··· Supplied material ···
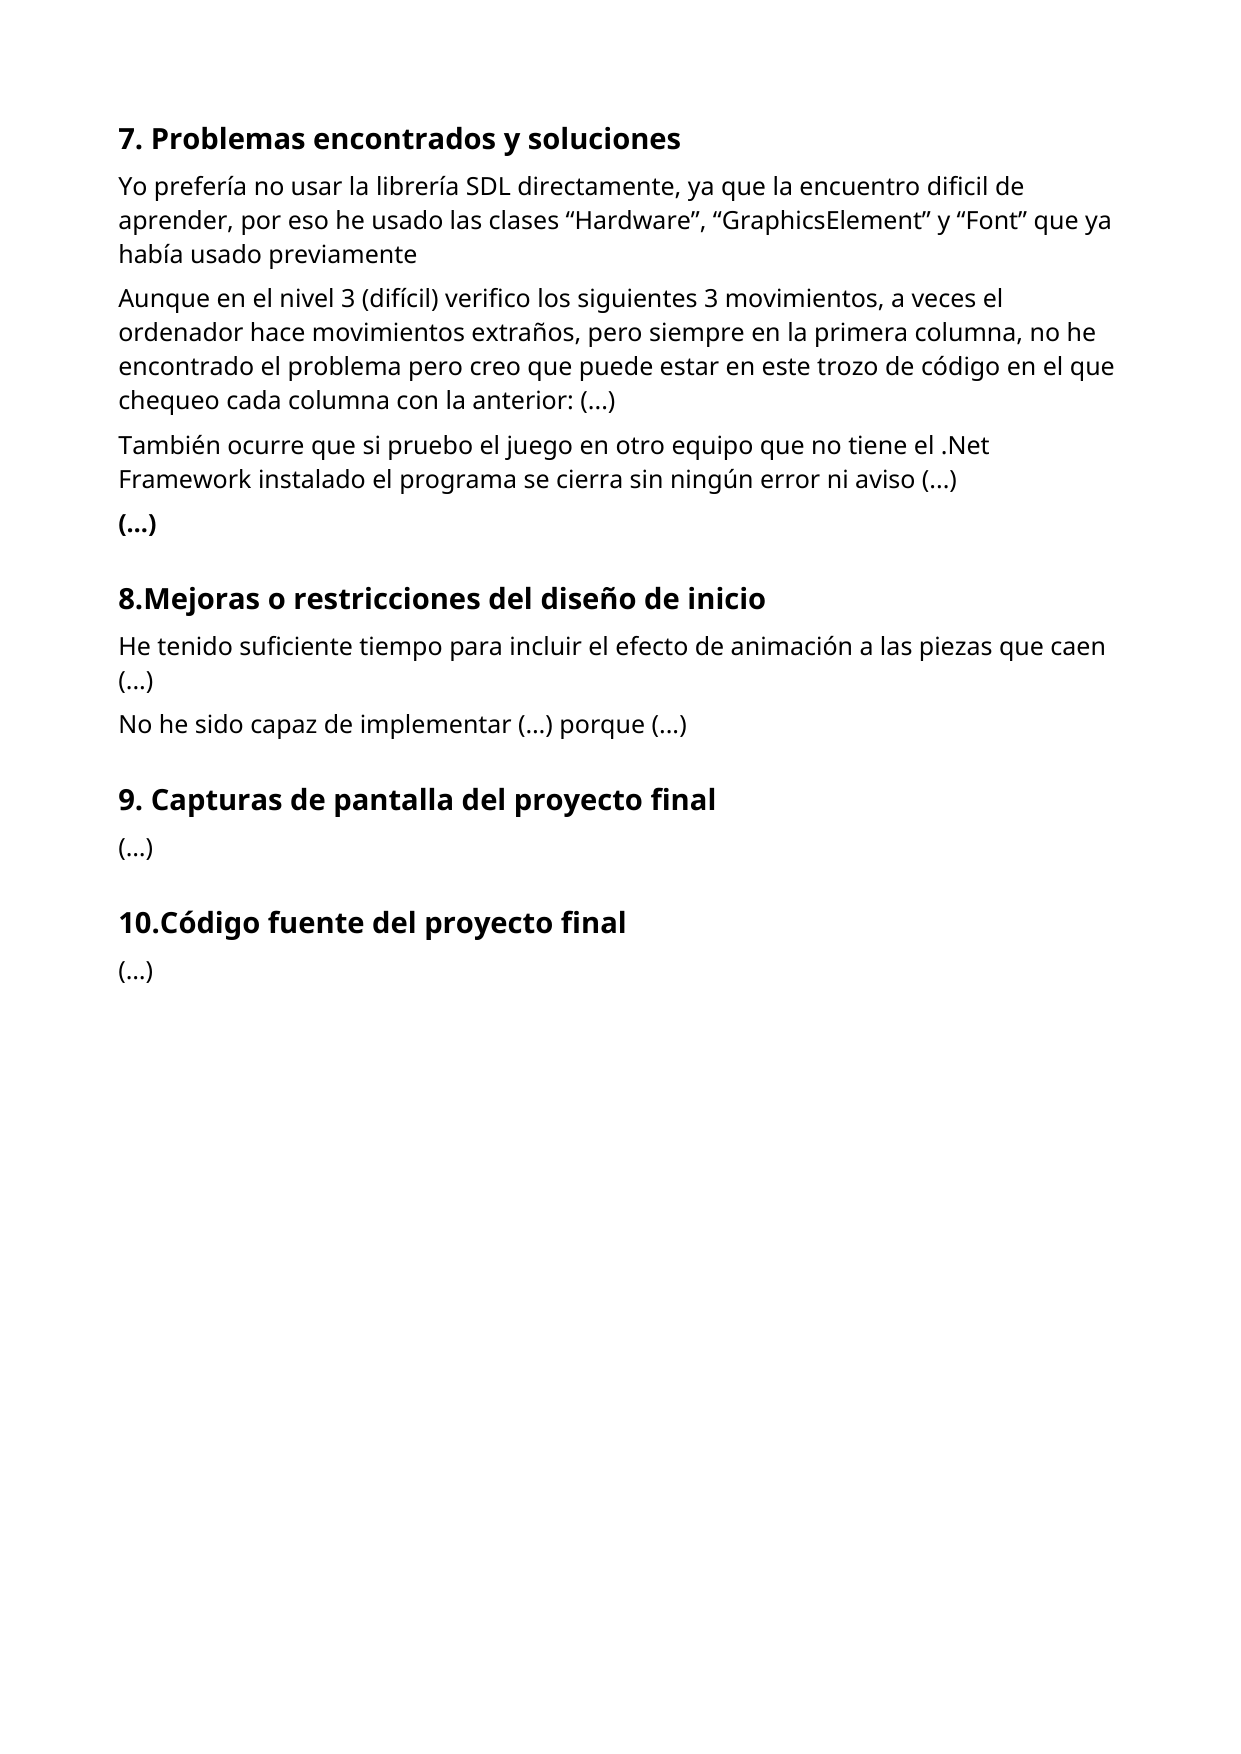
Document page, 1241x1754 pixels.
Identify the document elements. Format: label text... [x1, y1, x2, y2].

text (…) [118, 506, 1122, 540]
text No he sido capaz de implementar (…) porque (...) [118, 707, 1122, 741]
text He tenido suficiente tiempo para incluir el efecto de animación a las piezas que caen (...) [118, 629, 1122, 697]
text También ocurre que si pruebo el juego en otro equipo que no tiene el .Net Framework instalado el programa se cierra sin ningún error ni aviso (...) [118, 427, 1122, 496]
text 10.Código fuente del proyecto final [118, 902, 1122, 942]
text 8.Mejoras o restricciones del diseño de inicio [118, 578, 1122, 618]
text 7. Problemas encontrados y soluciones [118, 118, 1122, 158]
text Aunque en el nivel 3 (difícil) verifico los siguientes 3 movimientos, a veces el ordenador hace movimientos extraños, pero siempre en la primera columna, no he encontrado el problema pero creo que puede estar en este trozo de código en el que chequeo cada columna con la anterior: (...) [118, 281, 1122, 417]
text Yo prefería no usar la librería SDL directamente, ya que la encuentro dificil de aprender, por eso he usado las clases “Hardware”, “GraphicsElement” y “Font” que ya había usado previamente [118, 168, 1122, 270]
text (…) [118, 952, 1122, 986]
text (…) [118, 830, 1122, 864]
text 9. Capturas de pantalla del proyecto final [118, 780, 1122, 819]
···
### About this task
Look through the entries and copy every line in which the string "final" appears.

### Exercise output
text 10.Código fuente del proyecto final [118, 902, 1122, 942]
text 9. Capturas de pantalla del proyecto final [118, 780, 1122, 819]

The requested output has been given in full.